◆ What you should do ◆
Please report every line in the entries that contains the string "scene".

※ ※ ※

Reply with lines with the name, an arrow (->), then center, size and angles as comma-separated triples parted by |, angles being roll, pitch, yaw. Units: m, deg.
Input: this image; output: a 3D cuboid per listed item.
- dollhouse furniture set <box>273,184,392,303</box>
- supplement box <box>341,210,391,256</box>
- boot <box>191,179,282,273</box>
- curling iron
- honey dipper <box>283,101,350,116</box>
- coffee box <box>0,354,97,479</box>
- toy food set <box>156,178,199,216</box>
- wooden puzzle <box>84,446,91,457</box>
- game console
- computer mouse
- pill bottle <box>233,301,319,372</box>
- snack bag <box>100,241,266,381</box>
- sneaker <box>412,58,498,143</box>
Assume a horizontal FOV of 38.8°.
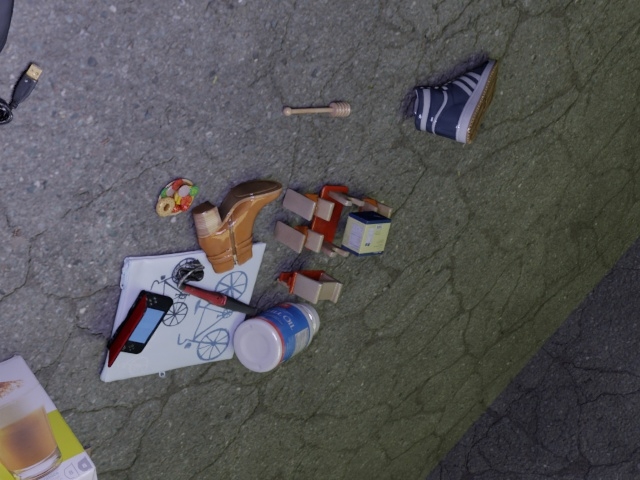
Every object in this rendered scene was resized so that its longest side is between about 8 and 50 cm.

※ ※ ※

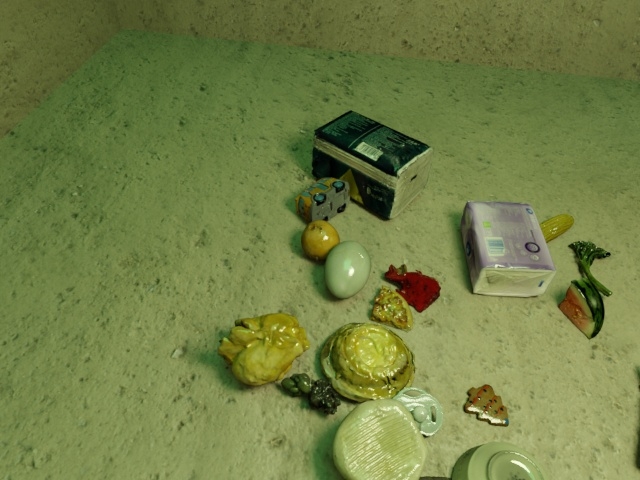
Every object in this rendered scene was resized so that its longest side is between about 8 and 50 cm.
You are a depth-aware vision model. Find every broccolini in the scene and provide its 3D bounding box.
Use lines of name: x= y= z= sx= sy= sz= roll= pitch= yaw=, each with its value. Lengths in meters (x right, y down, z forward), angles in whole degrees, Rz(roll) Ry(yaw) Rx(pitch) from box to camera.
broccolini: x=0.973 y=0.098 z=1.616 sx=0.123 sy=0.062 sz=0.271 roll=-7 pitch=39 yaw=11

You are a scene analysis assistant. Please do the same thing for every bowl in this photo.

※ ※ ※

◆ Your response ◆
Every object in this rendered scene was resized so that its longest side is between about 8 and 50 cm.
Every object in this rendered scene was resized so that its longest side is between about 8 and 50 cm.
You are a depth-aware vision model. Find every broccolini in the scene and provide its 3D bounding box.
You are a scene analysis assistant. Please do the same thing for every bowl in this photo.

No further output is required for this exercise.